-------- Material provided --------
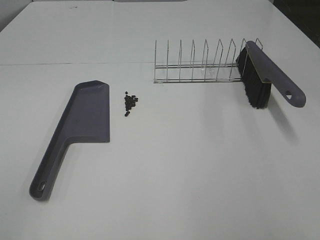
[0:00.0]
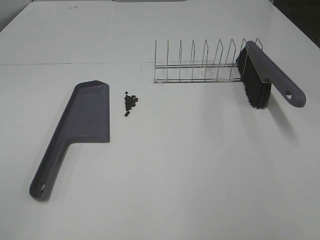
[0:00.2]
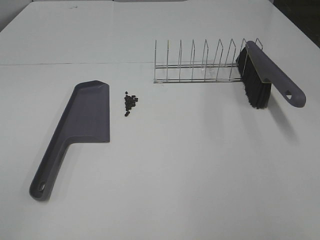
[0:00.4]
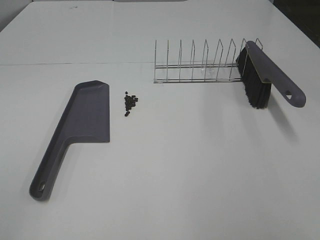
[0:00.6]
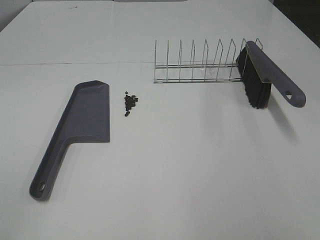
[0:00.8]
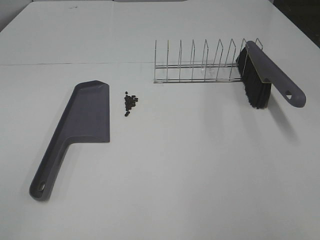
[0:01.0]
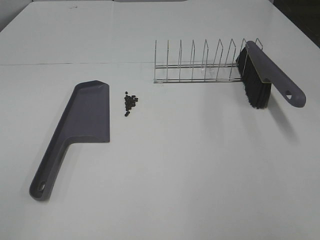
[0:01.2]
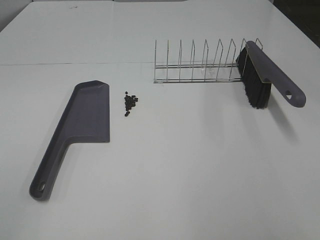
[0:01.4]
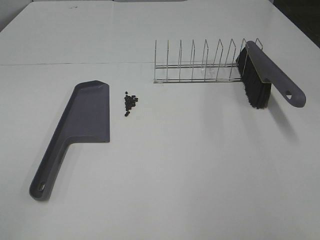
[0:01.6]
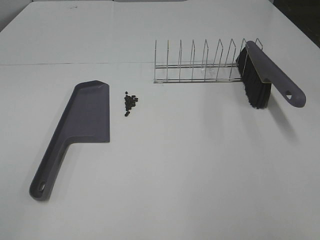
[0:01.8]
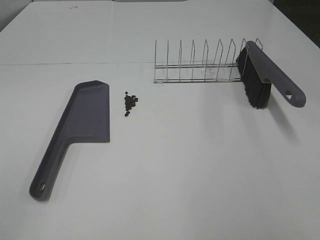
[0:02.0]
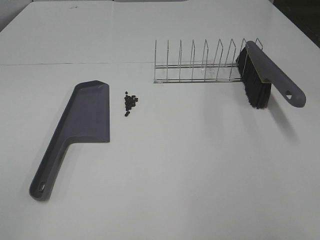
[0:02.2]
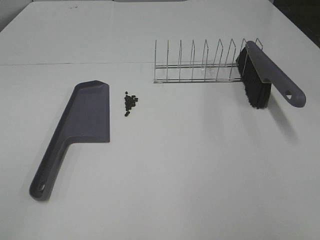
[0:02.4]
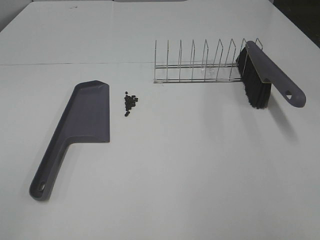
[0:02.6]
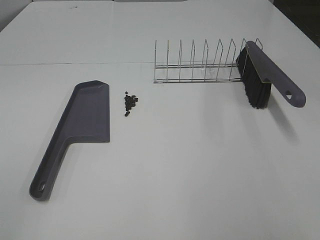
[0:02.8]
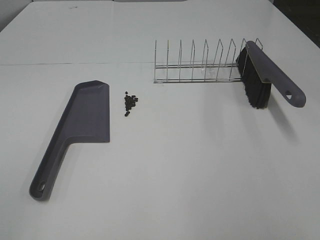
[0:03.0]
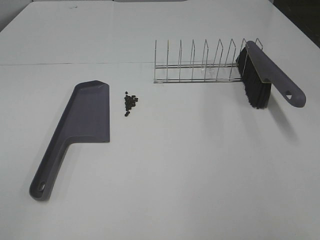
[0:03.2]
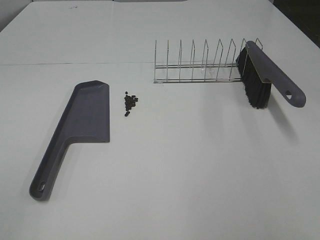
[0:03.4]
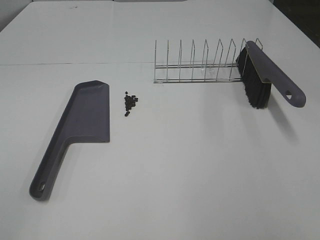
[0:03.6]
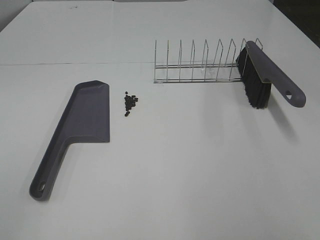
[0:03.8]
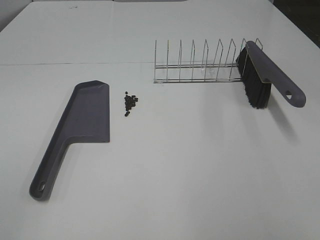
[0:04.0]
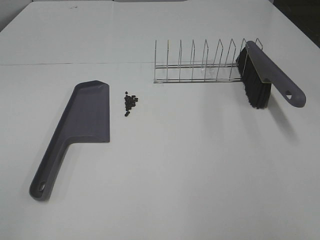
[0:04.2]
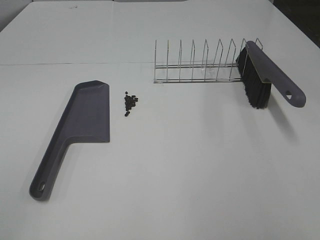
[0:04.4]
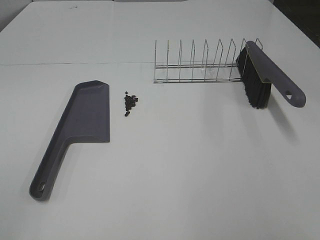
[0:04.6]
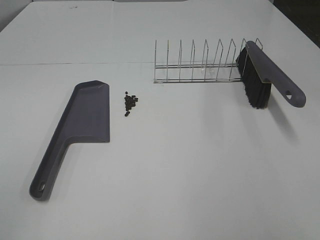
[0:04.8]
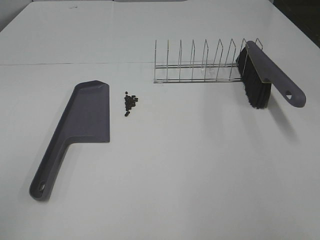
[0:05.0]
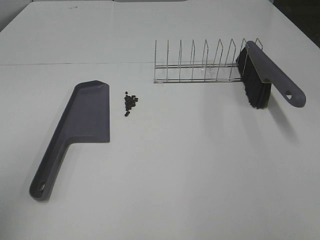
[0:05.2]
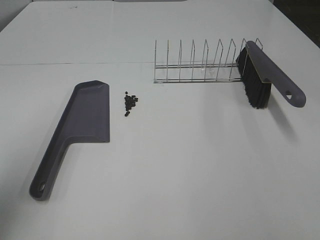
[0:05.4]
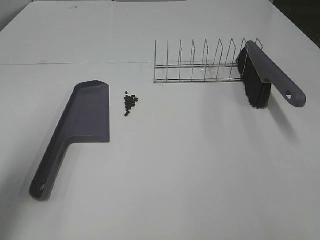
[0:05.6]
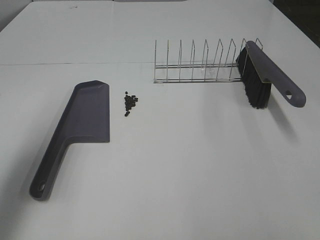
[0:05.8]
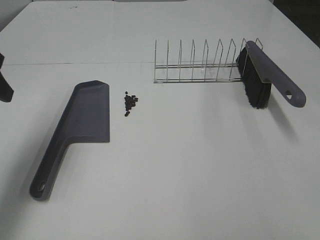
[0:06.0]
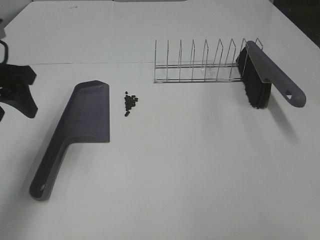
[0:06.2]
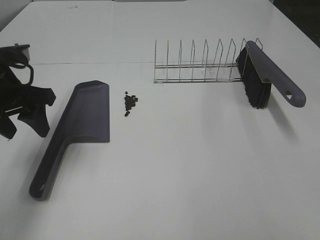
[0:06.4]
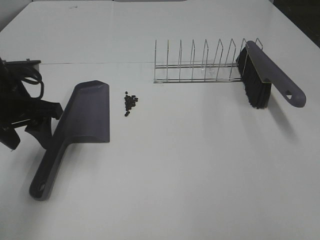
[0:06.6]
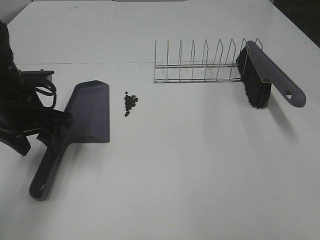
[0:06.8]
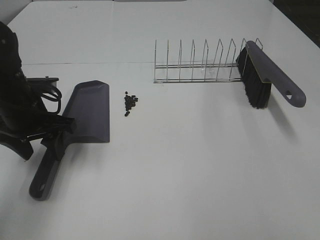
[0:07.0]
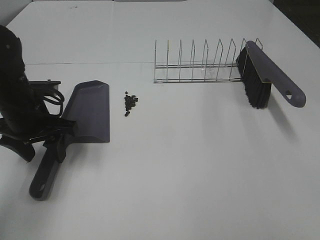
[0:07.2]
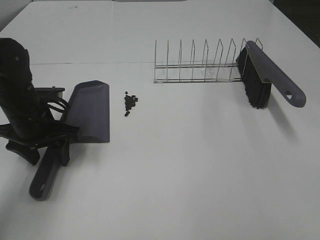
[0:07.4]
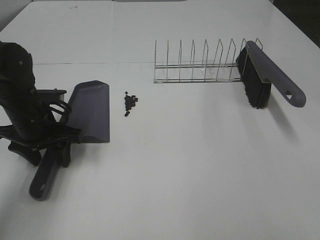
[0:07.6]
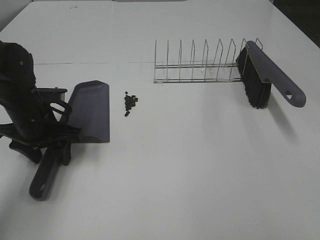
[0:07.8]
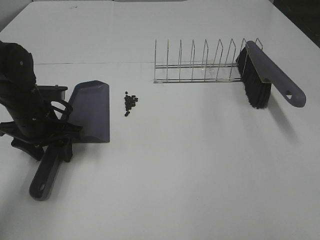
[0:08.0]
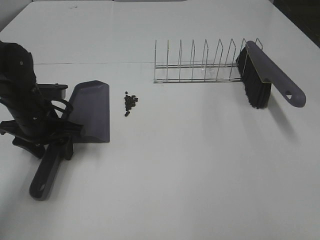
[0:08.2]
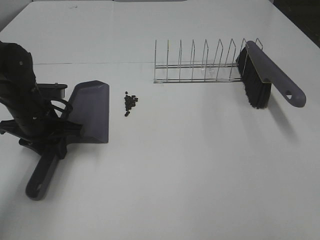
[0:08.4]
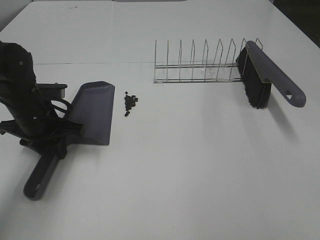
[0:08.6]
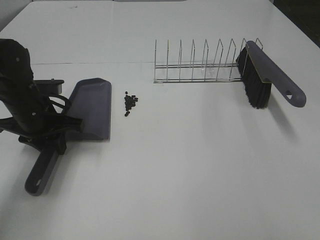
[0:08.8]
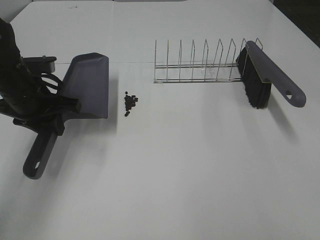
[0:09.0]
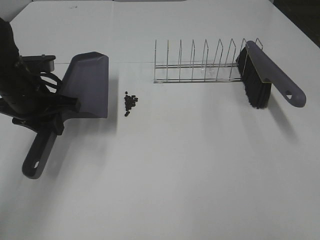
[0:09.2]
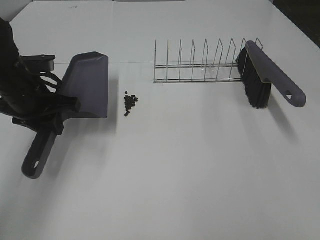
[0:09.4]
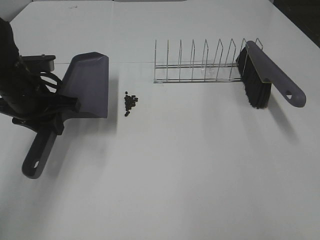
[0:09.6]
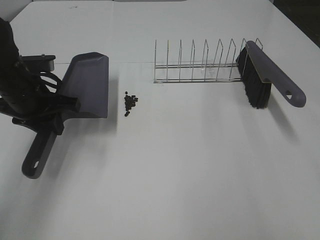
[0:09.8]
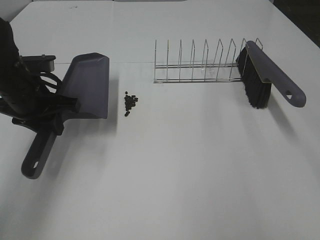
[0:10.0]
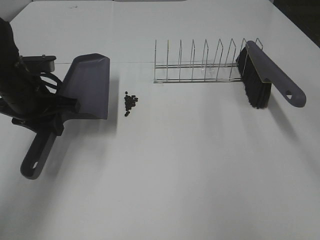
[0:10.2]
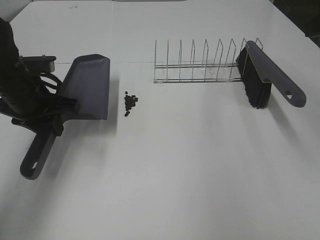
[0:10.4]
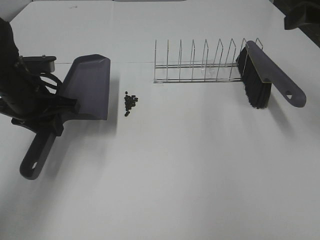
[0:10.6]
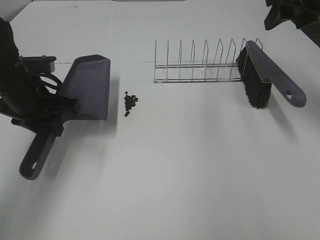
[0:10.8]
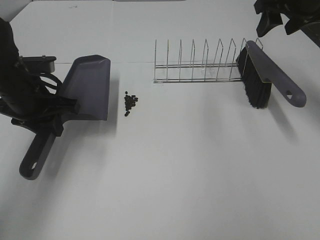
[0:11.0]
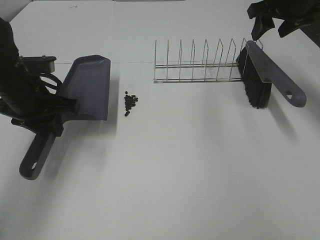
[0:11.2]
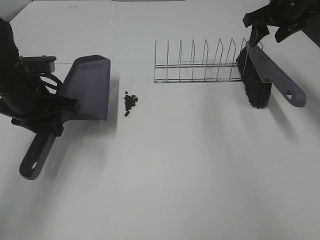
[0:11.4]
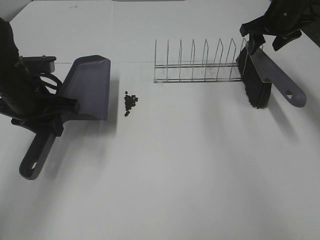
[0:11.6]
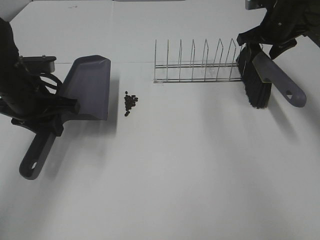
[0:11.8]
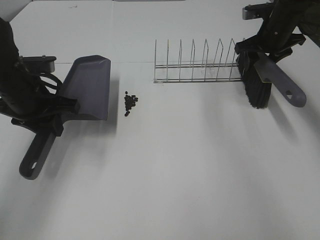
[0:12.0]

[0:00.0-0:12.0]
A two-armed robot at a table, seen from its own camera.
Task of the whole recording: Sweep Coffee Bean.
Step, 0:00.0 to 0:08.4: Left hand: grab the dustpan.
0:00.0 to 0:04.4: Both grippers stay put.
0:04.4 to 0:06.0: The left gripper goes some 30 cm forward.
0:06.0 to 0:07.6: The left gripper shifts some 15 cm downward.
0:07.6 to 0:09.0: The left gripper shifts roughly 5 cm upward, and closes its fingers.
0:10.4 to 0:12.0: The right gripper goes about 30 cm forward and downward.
--------
Output a verbatim copy of all entries above; no pictures go in it.

■ Written solution
[0:00.0]
[0:00.2]
[0:00.4]
[0:00.6]
[0:00.8]
[0:01.0]
[0:01.2]
[0:01.4]
[0:01.6]
[0:01.8]
[0:02.0]
[0:02.2]
[0:02.4]
[0:02.6]
[0:02.8]
[0:03.0]
[0:03.2]
[0:03.4]
[0:03.6]
[0:03.8]
[0:04.0]
[0:04.2]
[0:04.4]
[0:04.6]
[0:04.8]
[0:05.0]
[0:05.2]
[0:05.4]
[0:05.6]
[0:05.8]
[0:06.0]
[0:06.2]
[0:06.4]
[0:06.6]
[0:06.8]
[0:07.0]
[0:07.2]
[0:07.4]
[0:07.6]
[0:07.8]
[0:08.0]
[0:08.2]
[0:08.4]
[0:08.6]
[0:08.8]
[0:09.0]
[0:09.2]
[0:09.4]
[0:09.6]
[0:09.8]
[0:10.0]
[0:10.2]
[0:10.4]
[0:10.6]
[0:10.8]
[0:11.0]
[0:11.2]
[0:11.4]
[0:11.6]
[0:11.8]
[0:12.0]

[0:00.0-0:12.0]
A two-armed robot at a table, seen from its own camera.
Task of the whole recording: Sweep Coffee Bean.
Step, 0:00.0 to 0:08.4: Left hand: grab the dustpan.
0:00.0 to 0:04.4: Both grippers stay put.
0:04.4 to 0:06.0: The left gripper goes some 30 cm forward.
0:06.0 to 0:07.6: The left gripper shifts some 15 cm downward.
0:07.6 to 0:09.0: The left gripper shifts roughly 5 cm upward, and closes its fingers.
0:10.4 to 0:12.0: The right gripper goes about 30 cm forward and downward.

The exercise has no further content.